> [EXERCISE GOAL] In the entries that follow, the lines from the one with "text o Le champ Longueur" through the one with "text Lorsqu’un nouveau" are the ones to write out, exactly and with both ends included. Nothing else should appear.

(ENTRIES PROVIDED)

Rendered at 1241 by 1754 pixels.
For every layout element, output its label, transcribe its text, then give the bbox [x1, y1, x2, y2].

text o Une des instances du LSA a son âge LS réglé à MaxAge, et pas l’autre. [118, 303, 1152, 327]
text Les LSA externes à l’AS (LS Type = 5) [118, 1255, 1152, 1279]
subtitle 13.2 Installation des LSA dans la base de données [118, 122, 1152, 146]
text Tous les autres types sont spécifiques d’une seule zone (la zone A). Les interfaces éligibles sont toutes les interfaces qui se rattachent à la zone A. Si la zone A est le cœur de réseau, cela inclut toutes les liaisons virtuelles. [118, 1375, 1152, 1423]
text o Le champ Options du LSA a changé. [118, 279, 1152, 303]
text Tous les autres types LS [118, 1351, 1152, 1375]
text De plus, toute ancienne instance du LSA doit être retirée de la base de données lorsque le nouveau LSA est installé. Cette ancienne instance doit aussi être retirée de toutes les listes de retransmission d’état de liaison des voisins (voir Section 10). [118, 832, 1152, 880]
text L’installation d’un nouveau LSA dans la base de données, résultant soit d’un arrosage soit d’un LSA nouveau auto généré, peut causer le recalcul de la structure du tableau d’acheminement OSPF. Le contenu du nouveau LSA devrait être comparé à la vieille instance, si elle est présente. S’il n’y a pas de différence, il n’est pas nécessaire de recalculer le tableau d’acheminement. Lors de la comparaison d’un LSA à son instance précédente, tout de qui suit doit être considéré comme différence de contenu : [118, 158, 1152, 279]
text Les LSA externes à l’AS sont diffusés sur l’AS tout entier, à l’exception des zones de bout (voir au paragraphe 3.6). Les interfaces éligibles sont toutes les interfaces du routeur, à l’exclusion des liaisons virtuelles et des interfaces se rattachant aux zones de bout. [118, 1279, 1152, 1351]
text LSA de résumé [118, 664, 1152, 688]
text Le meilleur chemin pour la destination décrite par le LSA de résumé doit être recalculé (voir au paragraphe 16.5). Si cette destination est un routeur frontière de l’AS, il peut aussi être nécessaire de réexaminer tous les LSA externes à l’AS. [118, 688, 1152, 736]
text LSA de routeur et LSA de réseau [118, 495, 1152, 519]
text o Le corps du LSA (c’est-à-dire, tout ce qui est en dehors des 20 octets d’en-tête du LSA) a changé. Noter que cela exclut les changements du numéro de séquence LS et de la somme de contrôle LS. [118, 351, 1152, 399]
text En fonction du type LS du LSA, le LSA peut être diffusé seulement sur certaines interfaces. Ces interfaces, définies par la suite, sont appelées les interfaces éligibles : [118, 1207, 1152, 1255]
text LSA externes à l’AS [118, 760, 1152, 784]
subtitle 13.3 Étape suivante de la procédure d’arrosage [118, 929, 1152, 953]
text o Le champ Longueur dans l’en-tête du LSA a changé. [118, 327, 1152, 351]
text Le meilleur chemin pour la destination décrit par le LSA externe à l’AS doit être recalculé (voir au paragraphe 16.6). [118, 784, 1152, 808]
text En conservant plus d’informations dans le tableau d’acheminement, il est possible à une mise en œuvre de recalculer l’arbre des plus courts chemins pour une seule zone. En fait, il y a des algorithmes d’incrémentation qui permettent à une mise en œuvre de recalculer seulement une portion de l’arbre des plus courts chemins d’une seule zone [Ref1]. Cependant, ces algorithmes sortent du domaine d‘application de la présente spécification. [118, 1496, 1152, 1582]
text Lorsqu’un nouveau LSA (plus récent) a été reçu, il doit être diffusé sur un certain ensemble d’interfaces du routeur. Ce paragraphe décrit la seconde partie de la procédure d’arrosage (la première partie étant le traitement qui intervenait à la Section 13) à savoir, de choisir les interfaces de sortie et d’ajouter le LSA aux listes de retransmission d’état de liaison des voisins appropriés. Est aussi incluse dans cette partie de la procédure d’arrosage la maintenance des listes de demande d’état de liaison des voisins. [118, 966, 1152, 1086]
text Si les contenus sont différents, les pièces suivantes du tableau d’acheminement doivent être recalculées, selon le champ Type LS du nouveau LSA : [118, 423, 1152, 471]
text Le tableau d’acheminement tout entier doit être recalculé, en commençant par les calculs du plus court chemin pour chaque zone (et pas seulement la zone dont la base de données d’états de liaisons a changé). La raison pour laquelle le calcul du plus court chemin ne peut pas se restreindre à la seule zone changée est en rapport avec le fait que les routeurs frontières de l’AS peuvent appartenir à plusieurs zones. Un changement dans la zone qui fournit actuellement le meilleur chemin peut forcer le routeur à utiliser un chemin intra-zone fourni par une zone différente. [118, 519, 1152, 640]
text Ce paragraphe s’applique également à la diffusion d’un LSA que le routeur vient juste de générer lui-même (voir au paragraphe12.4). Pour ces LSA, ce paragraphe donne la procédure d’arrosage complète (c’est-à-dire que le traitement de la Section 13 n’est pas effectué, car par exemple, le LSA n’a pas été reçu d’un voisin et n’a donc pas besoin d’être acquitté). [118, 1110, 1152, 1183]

(End ENTRIES PROVIDED)
(ENTRIES PROVIDED)

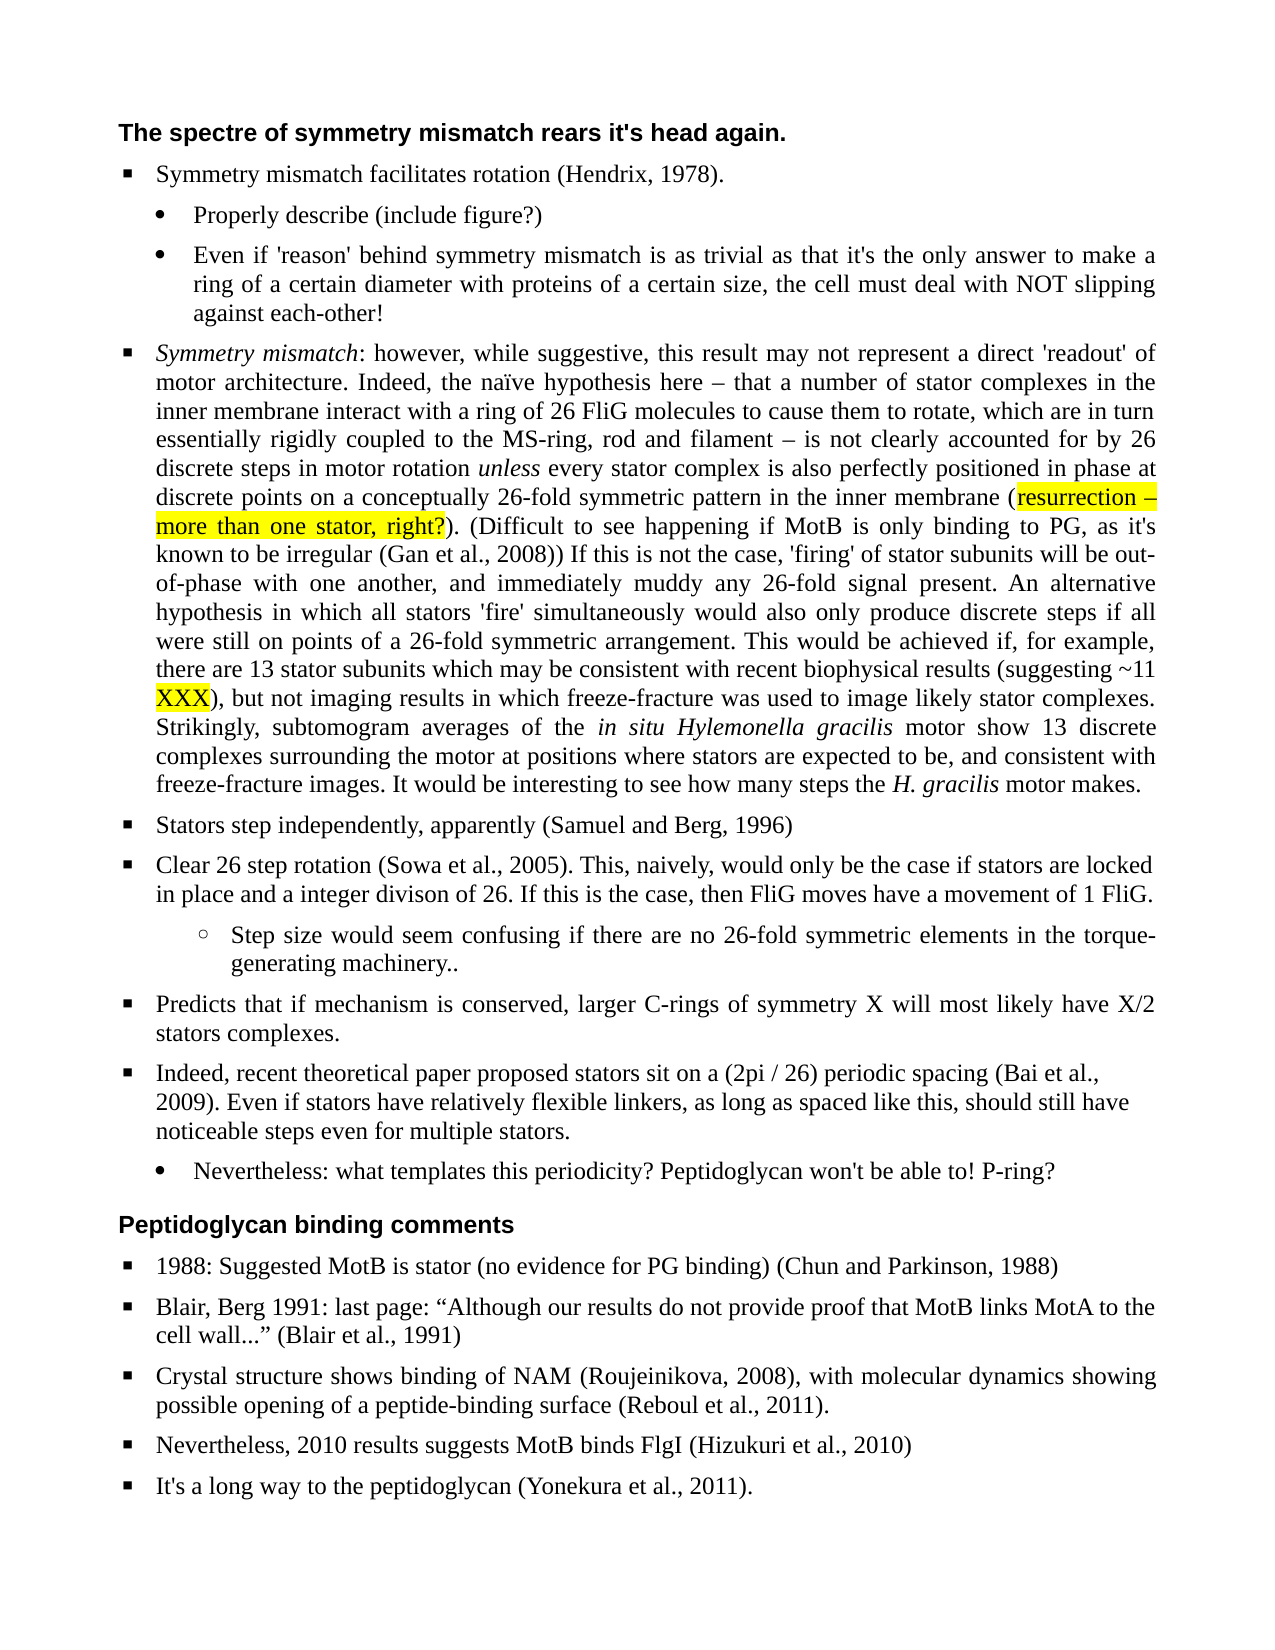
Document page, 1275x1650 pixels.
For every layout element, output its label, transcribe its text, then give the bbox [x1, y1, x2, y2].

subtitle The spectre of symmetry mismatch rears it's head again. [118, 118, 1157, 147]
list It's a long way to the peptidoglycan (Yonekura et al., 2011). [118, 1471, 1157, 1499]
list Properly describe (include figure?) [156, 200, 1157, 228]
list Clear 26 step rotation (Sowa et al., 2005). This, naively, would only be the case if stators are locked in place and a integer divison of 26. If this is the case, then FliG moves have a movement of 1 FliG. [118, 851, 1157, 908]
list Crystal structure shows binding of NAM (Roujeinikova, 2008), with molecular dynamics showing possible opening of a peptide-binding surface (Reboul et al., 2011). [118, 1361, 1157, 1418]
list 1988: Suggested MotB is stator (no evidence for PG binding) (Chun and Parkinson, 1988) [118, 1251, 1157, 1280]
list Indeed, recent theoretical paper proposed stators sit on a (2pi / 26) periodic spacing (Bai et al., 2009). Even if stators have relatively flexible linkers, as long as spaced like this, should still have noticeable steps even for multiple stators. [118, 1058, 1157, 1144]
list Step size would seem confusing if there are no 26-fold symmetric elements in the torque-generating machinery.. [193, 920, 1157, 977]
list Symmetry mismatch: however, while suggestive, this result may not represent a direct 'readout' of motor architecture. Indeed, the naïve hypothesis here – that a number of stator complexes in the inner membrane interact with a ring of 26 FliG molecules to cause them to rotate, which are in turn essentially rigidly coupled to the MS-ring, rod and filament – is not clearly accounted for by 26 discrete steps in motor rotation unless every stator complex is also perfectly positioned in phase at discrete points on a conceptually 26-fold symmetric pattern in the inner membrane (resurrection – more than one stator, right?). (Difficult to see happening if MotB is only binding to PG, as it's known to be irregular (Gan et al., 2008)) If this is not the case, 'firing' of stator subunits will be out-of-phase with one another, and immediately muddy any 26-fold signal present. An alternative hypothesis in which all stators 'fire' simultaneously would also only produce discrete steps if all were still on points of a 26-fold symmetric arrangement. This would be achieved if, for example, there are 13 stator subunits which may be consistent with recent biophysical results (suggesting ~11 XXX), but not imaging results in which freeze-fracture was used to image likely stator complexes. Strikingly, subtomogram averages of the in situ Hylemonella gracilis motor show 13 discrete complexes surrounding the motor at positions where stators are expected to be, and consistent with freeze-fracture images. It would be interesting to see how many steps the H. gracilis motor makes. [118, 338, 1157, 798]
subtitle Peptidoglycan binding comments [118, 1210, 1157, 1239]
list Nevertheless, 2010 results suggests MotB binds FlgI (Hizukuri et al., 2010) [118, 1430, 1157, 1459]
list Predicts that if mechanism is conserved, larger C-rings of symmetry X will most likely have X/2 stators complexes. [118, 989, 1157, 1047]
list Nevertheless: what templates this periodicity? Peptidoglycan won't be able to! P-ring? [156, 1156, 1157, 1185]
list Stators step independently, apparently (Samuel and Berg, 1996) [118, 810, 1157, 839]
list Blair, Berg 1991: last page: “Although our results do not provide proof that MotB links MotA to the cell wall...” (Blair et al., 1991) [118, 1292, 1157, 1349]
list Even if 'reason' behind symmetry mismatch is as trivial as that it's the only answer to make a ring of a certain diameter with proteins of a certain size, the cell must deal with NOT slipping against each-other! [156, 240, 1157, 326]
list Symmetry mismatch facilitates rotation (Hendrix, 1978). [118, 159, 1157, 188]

(End ENTRIES PROVIDED)
(ENTRIES PROVIDED)

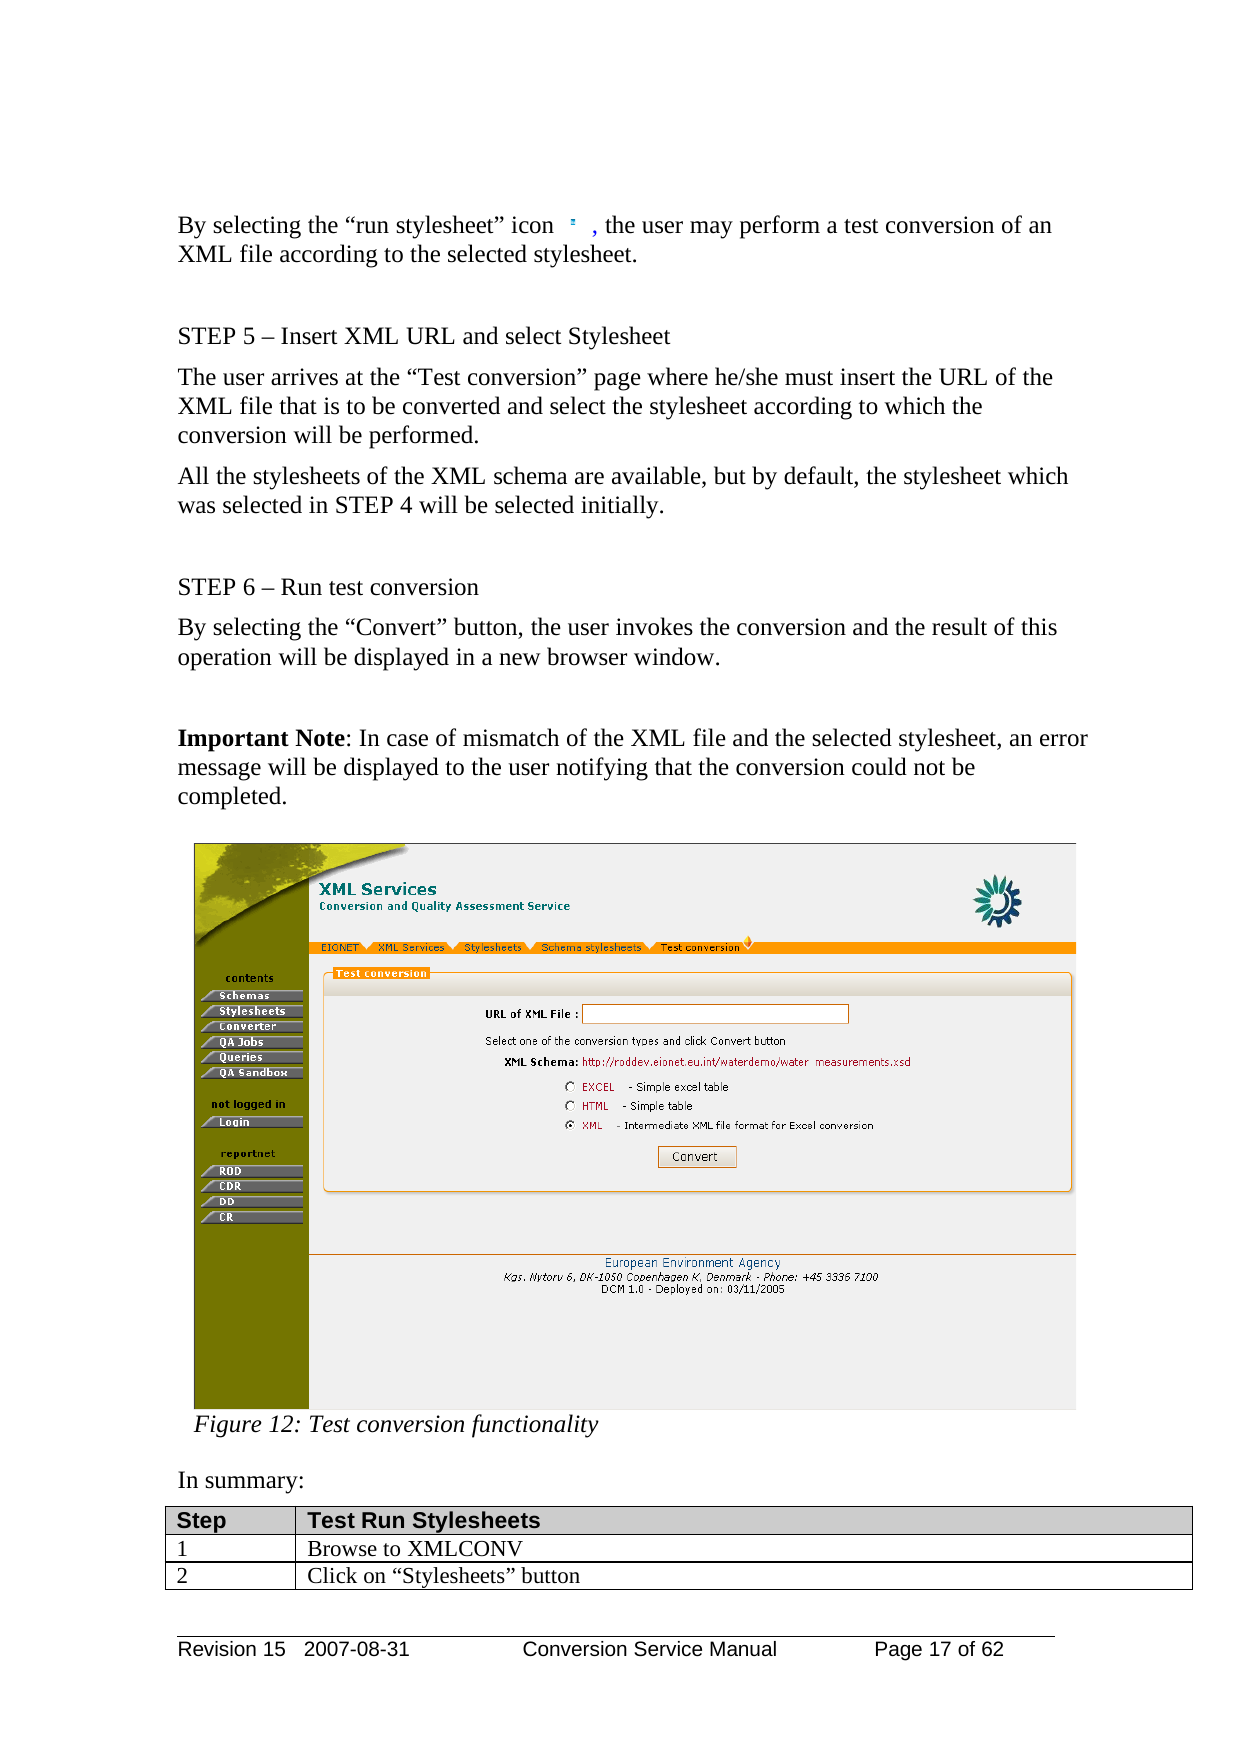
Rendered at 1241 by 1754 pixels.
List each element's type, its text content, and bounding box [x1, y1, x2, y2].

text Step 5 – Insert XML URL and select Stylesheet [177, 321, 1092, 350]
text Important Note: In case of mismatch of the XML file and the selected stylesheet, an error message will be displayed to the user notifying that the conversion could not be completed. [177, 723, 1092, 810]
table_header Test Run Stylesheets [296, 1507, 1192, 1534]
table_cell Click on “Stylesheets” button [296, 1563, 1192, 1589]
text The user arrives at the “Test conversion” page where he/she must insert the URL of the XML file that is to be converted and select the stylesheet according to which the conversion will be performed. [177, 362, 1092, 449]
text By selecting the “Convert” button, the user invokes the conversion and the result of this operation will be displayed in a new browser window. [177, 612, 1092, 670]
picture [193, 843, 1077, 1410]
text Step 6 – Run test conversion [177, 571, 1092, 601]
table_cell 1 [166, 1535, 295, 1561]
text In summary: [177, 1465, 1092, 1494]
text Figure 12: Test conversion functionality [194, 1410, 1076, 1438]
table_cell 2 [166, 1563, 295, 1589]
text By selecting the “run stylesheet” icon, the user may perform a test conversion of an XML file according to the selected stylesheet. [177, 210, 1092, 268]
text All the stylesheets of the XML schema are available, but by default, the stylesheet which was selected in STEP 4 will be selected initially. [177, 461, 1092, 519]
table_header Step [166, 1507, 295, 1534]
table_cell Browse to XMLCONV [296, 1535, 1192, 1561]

(End ENTRIES PROVIDED)

> [WRITTEN RESPONSE]
text o Le champ Longueur dans l’en-tête du LSA a changé. [118, 327, 1152, 351]
text Le meilleur chemin pour la destination décrit par le LSA externe à l’AS doit être recalculé (voir au paragraphe 16.6). [118, 784, 1152, 808]
text En conservant plus d’informations dans le tableau d’acheminement, il est possible à une mise en œuvre de recalculer l’arbre des plus courts chemins pour une seule zone. En fait, il y a des algorithmes d’incrémentation qui permettent à une mise en œuvre de recalculer seulement une portion de l’arbre des plus courts chemins d’une seule zone [Ref1]. Cependant, ces algorithmes sortent du domaine d‘application de la présente spécification. [118, 1496, 1152, 1582]
text Lorsqu’un nouveau LSA (plus récent) a été reçu, il doit être diffusé sur un certain ensemble d’interfaces du routeur. Ce paragraphe décrit la seconde partie de la procédure d’arrosage (la première partie étant le traitement qui intervenait à la Section 13) à savoir, de choisir les interfaces de sortie et d’ajouter le LSA aux listes de retransmission d’état de liaison des voisins appropriés. Est aussi incluse dans cette partie de la procédure d’arrosage la maintenance des listes de demande d’état de liaison des voisins. [118, 966, 1152, 1086]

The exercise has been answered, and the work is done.